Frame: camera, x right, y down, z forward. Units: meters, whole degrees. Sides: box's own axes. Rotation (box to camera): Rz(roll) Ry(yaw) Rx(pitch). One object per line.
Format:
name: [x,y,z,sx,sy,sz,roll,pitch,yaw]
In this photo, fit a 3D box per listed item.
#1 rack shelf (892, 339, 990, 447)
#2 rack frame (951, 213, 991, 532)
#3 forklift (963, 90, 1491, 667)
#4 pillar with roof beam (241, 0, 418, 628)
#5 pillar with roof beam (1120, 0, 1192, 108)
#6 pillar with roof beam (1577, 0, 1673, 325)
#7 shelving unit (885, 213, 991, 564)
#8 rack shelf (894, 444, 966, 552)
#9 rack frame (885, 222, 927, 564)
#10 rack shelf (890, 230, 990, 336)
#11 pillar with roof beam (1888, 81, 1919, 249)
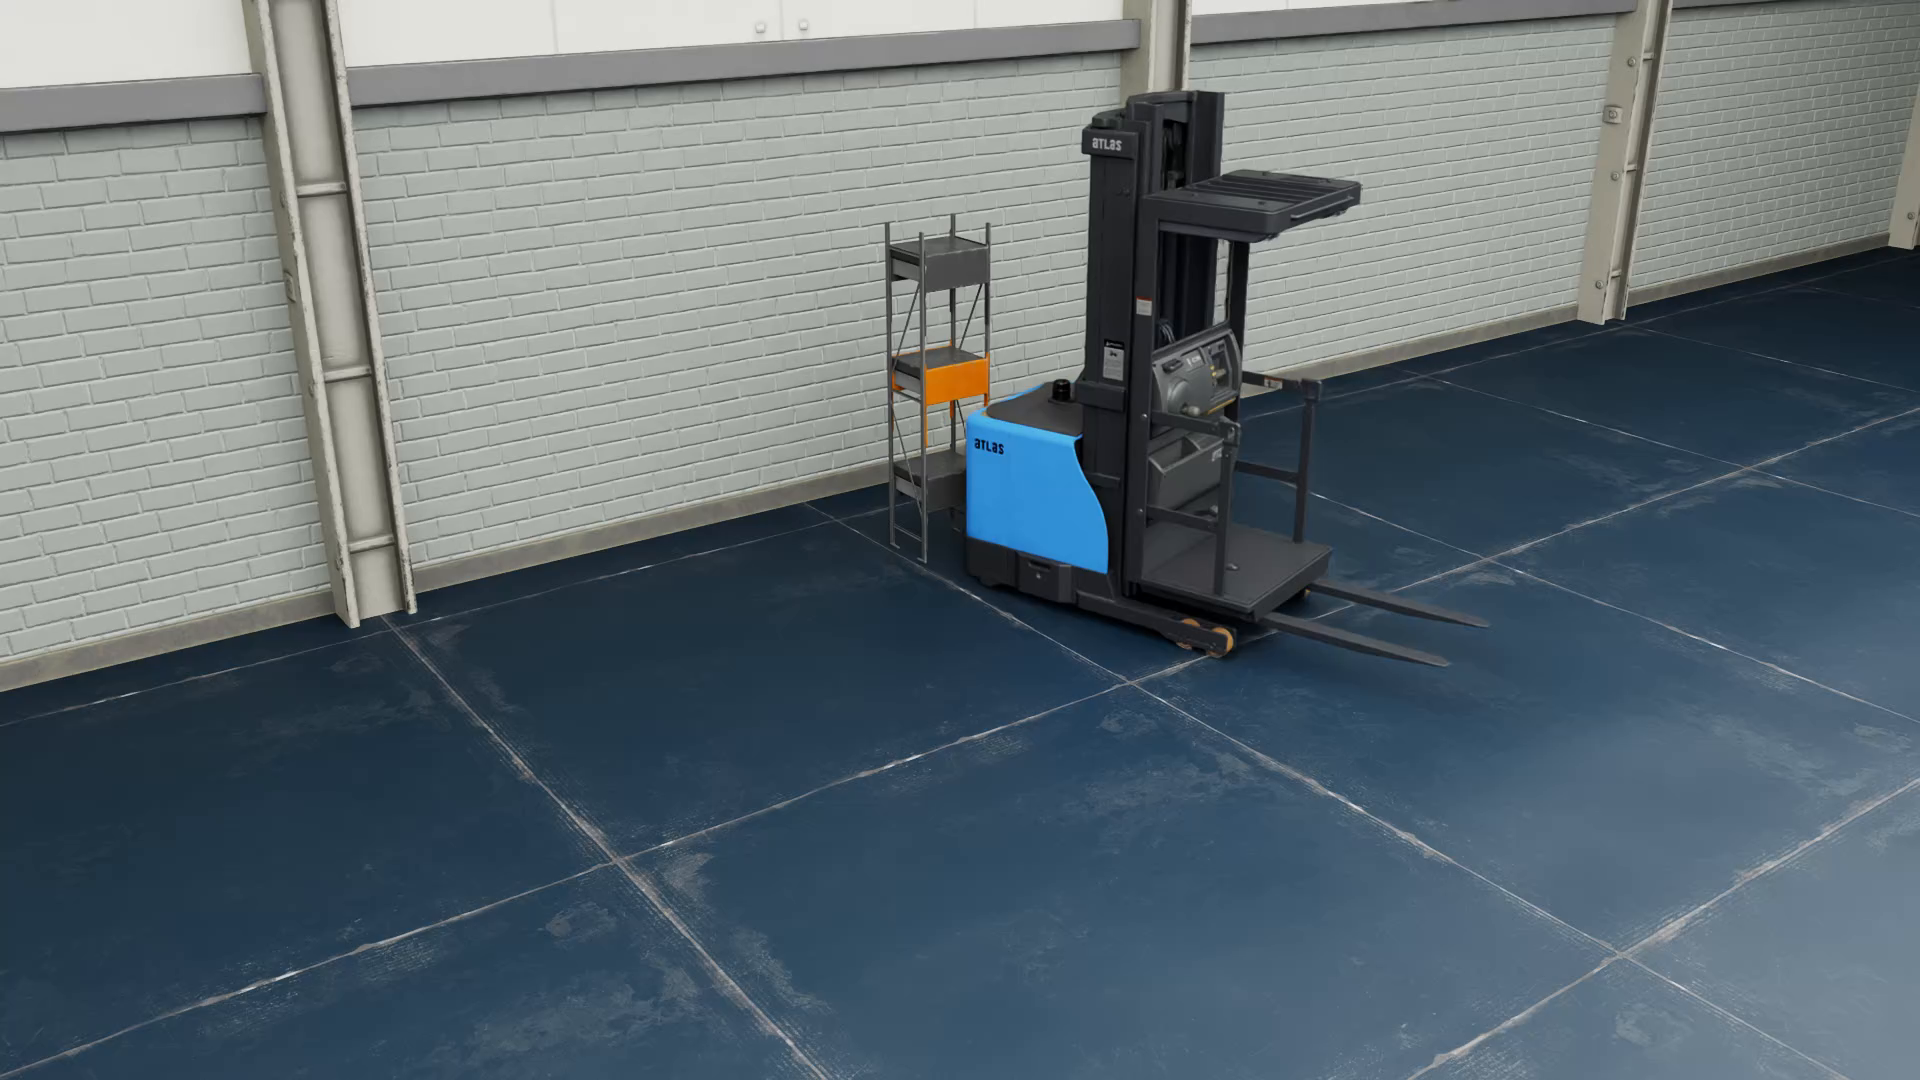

▶ DESCRIPTION OF THE TASK: Please reproduce each line of the listing above exactly, skipping pictures.

▶ SOLUTION FOR THIS EXERCISE:
Frame: camera, x right, y down, z forward. Units: meters, whole degrees. Sides: box's own axes. Rotation (box to camera): Rz(roll) Ry(yaw) Rx(pitch). One object per line.
Format:
name: [x,y,z,sx,sy,sz,roll,pitch,yaw]
In this photo, fit a 3D box per listed item.
#1 rack shelf (892, 339, 990, 447)
#2 rack frame (951, 213, 991, 532)
#3 forklift (963, 90, 1491, 667)
#4 pillar with roof beam (241, 0, 418, 628)
#5 pillar with roof beam (1120, 0, 1192, 108)
#6 pillar with roof beam (1577, 0, 1673, 325)
#7 shelving unit (885, 213, 991, 564)
#8 rack shelf (894, 444, 966, 552)
#9 rack frame (885, 222, 927, 564)
#10 rack shelf (890, 230, 990, 336)
#11 pillar with roof beam (1888, 81, 1919, 249)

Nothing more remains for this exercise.